TV Bandeirantes Minas (ZYQ 808)
- Belo Horizonte, Minas Gerais; Brazil;
- Channels: Digital: 20 (UHF); Virtual: 7;
- Branding: Band Minas

Programming
- Affiliations: Rede Bandeirantes

Ownership
- Owner: Grupo Bandeirantes de Comunicação; (Rádio e Televisão Bandeirantes de Minas Gerais Ltda.);
- Sister stations: BandNews FM Belo Horizonte

History
- First air date: March 2, 1967
- Former call signs: ZYA 720 (1967-2017)
- Former names: TV Vila Rica (1967-1975)
- Former channel numbers: Analog: 7 (VHF, 1967-2017)
- Former affiliations: TV Excelsior (1967-1970)

Technical information
- Licensing authority: ANATEL
- ERP: 15 kW
- Transmitter coordinates: 19°58′15.7″S 43°55′46″W﻿ / ﻿19.971028°S 43.92944°W

Links
- Public license information: Profile
- Website: band.com.br/minas-gerais

= Band Minas =

TV Bandeirantes Minas (channel 7, also known as Band Minas) is a Brazilian television station based in Belo Horizonte, capital of the state of Minas Gerais, carrying Rede Bandeirantes for most of the state. It was founded in 1967 as TV Vila Rica, being acquired by Grupo Bandeirantes de Comunicação in 1975. It covers most of the state, together with its co-sister Band Triângulo, located in Uberaba. Its studios are in the São Bento neighborhood, in the southern region of the capital of Minas Gerais, and its transmission antenna is in Serra do Curral, in Belvedere.

==History==
TV Vila Rica was opened on March 2, 1967, based on a concession offered to Banco Real, with Simonsen receiving a part of the shares. Initially, it was affiliated with TV Excelsior, operating on channel 7 VHF, being part of the project to create a national network. However, due to several financial problems, in addition to troubled relations with the military government, Excelsior was taken off the air on September 30, 1970. With the network's extinction, TV Vila Rica began broadcasting TV Bandeirantes programming. On December 7, 1975, in the process of forming Rede Bandeirantes, TV Vila Rica was acquired by the São Paulo station, changing its name to TV Bandeirantes Minas in 1976.
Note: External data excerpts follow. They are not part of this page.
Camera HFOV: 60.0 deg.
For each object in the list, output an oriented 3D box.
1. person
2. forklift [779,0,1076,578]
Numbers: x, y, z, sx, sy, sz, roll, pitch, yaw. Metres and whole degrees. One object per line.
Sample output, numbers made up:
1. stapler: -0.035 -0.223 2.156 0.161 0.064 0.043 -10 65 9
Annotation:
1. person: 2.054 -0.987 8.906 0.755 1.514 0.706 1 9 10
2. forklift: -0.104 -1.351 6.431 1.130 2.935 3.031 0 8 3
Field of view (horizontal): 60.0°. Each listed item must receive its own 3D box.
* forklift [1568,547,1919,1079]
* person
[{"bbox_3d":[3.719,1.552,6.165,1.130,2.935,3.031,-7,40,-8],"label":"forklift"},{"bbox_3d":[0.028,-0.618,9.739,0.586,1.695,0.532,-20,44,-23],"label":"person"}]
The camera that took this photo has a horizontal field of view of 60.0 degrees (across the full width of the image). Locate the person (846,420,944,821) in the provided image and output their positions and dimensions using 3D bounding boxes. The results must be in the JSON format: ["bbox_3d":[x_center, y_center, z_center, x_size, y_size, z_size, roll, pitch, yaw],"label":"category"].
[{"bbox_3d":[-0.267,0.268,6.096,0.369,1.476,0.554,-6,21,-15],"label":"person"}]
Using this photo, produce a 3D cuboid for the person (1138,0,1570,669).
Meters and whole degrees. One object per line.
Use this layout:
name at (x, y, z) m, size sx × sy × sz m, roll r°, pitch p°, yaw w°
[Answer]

The station airs approximately 16 hours of local programming per week. There is also Band Triângulo in the state, the second television station belonging to Grupo Bandeirantes de Comunicação, which broadcasts the group's programming to Triângulo Mineiro and Alto Paranaíba. Previously, in 2008, the region received programming from Band Minas, based in Belo Horizonte. With the creation of Band Triângulo, it took over the antennas previously occupied by Band Minas in the region, consolidating the presence of Grupo Bandeirantes in this specific area.

This redistribution strengthened the offer of diverse and relevant television content for the public in Triângulo Mineiro and Alto Paranaíba.

==Technical information==

| Virtual channel | Digital channel | Screen | Content |
|---|---|---|---|
| 7.1 | 20 UHF | 1080i | Band Minas/Band's main schedule |

Based on the federal decree transitioning Brazilian TV stations from analogue to digital signals, Band Minas, as well as other stations in Belo Horizonte, ceased broadcasting on channel 7 VHF on November 22, 2017, following the official ANATEL roadmap. The signal was cut off at 11:59 pm, during the Cine Band film session, being replaced by a slide from MCTIC and ANATEL about the switch-off.